§ **WHAT YOU HAVE TO DO**
Each entry below needs to be transcribed verbatim; the images should not appear.

§ **EXERCISE DATA**
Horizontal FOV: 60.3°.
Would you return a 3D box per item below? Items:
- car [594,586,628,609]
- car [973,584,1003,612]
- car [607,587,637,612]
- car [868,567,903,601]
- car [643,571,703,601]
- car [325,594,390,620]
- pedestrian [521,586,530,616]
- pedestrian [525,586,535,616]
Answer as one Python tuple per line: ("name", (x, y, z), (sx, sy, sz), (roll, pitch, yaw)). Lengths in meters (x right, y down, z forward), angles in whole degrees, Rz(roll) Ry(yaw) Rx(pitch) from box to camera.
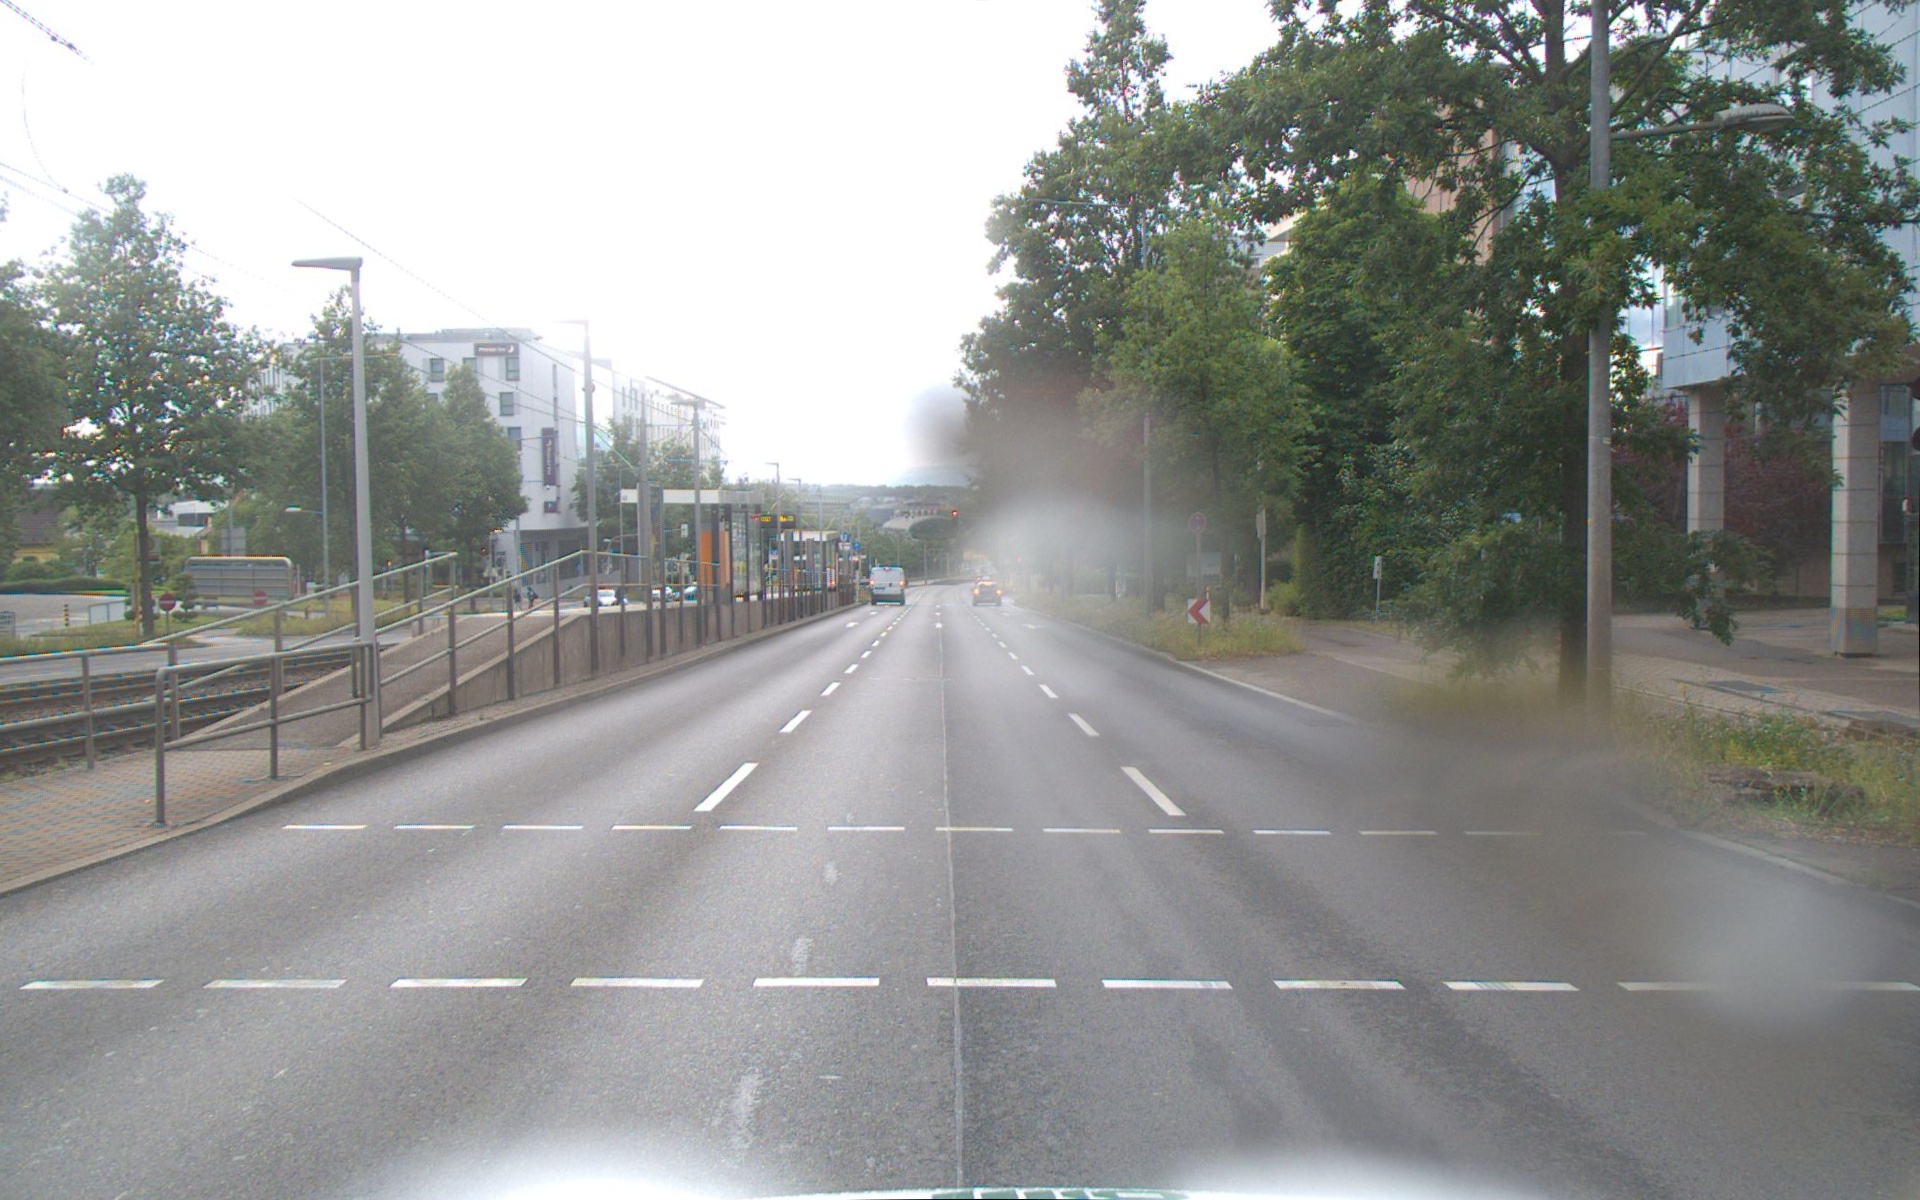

§ **TASK SOLUTION**
Horizontal FOV: 60.3°.
Would you return a 3D box per item below? Items:
- car [594,586,628,609]
- car [973,584,1003,612]
- car [607,587,637,612]
- car [868,567,903,601]
- car [643,571,703,601]
- car [325,594,390,620]
- pedestrian [521,586,530,616]
- pedestrian [525,586,535,616]
Answer as one Python tuple per line: ("name", (x, y, z), (sx, sy, sz), (roll, pitch, yaw)). Lengths in meters (x right, y down, z forward), angles in whole degrees, Rz(roll) Ry(yaw) Rx(pitch) from box to camera.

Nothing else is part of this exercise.